LabMD is not the only company that has tried to buck the FTC’s assertion of authority over data security breaches. Wyndham Worldwide Corp. has spent the past year contesting the FTC’s authority to pursue enforcement actions based upon companies’ alleged “unfair” or “unreasonable” data security practices. On Monday, April 7, 2014, the United States District Court for the District of New Jersey sided with the FTC and denied Wyndham’s motion to dismiss the FTC’s complaint. The Court found that Section 5 of the FTC Act permits the FTC to regulate data security, and that the FTC is not required to issue formal rules about what companies must do to implement “reasonable” data security practices. Notably, Wyndham’s data breach involved personal information that included names, addresses, email addresses, telephone numbers, payment card account numbers, expiration dates, and security codes, and did not involve HIPAA-covered Protected Health Information (PHI), so the court did not address the coexistence of data security authority under the FTC Act and HIPAA.
My Fox Rothschild LLP colleague, Todd Rodriguez, recently posted a blog describing the new HIPAA “Security Risk Assessment Tool” (SRA Tool) developed by the Department of Health and Human Services (HHS) as a collaboration between the Office for Civil Rights (OCR) and Office of the National Coordinator for Health Information Technology (ONC). The tool, available for download, supplements the detailed Omnibus Rule standards with a practical, hands-on resource entities can use to evaluate the efficacy of their data security practices, and users are asked to provide feedback on the SRA Tool by submitting comments before June 2, 2014.

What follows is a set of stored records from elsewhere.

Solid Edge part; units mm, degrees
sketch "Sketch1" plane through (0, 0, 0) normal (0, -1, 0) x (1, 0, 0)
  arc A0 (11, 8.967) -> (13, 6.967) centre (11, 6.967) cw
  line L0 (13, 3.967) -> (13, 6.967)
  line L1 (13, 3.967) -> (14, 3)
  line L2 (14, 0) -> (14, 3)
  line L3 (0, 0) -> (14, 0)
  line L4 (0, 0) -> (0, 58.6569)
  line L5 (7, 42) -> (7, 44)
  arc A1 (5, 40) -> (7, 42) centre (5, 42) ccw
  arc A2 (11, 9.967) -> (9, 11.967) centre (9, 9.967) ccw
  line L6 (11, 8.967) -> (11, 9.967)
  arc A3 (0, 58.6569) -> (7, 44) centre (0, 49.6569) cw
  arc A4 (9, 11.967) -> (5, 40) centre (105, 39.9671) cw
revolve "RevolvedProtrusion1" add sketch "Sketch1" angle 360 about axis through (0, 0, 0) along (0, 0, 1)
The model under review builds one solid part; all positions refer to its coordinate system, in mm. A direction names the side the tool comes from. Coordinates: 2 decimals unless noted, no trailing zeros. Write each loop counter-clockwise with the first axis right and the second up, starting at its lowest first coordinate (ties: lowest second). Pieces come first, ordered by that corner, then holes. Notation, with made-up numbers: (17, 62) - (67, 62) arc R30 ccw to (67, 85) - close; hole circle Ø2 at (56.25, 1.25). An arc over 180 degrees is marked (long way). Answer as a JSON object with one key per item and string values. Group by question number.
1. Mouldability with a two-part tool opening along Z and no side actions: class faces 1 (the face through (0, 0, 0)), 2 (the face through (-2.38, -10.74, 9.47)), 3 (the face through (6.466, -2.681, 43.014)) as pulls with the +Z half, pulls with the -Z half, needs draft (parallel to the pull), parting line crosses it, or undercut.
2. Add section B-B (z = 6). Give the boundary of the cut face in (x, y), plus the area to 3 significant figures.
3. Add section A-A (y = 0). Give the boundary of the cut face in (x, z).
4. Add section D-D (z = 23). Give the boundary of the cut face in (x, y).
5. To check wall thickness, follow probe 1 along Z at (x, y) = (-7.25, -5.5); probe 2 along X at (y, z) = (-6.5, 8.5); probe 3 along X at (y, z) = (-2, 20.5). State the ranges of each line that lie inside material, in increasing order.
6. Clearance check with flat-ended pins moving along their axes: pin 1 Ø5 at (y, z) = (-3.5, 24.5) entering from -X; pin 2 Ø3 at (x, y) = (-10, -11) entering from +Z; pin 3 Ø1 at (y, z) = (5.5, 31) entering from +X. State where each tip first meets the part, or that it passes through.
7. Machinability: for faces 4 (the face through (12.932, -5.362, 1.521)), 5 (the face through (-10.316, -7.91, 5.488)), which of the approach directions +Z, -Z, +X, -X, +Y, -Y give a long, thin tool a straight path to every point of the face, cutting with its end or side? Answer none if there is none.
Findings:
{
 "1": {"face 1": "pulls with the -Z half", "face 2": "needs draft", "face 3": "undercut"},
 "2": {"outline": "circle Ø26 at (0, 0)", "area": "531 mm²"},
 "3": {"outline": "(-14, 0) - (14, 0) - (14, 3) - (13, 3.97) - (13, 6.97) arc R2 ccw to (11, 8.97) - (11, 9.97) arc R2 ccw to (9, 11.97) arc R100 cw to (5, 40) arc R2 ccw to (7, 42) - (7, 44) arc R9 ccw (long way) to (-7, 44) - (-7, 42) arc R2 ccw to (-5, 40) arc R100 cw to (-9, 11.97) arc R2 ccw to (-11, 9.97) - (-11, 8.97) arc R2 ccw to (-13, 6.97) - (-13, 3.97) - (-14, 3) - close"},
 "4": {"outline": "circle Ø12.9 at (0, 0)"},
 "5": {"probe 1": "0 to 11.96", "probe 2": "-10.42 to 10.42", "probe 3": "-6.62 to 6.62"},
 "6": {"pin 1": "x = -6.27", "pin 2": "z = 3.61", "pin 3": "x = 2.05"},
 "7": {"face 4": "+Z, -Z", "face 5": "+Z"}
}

By contrast, the FTC expects companies to review its enforcement actions and figure out what not to do when it comes to data security practices. As reported by Andrew Scurria in Law360 on March 26, 2014, FTC Chairwoman Ramirez appeared before a Senate Commerce Committee panel and responded to critiques that the FTC has not provided enough guidance to businesses regarding appropriate data security practices. Ramirez referenced the consent decrees resulting from the cases the agency has brought and settled under the unfairness and deception prongs of Section 5 of the FTC Act, and said that companies can “discern” the FTC’s approach to data security enforcement from those.
The recent victory in the Wyndam case may be a sign that the “other” data security sheriff in town, the FTC, will ramp up its enforcement actions and catch more companies that have either been unable to “discern” the FTC’s expectations or to avoid hacking incidents or other security intrusions. Unfortunately, because it does not appear that the FTC will issue any regulatory guidance in the near future about what companies can do to ensure that their data security practices are reasonable, companies must monitor closely the FTC’s actions, adjudications or other signals in an attempt to predict what the FTC views as data security best practices.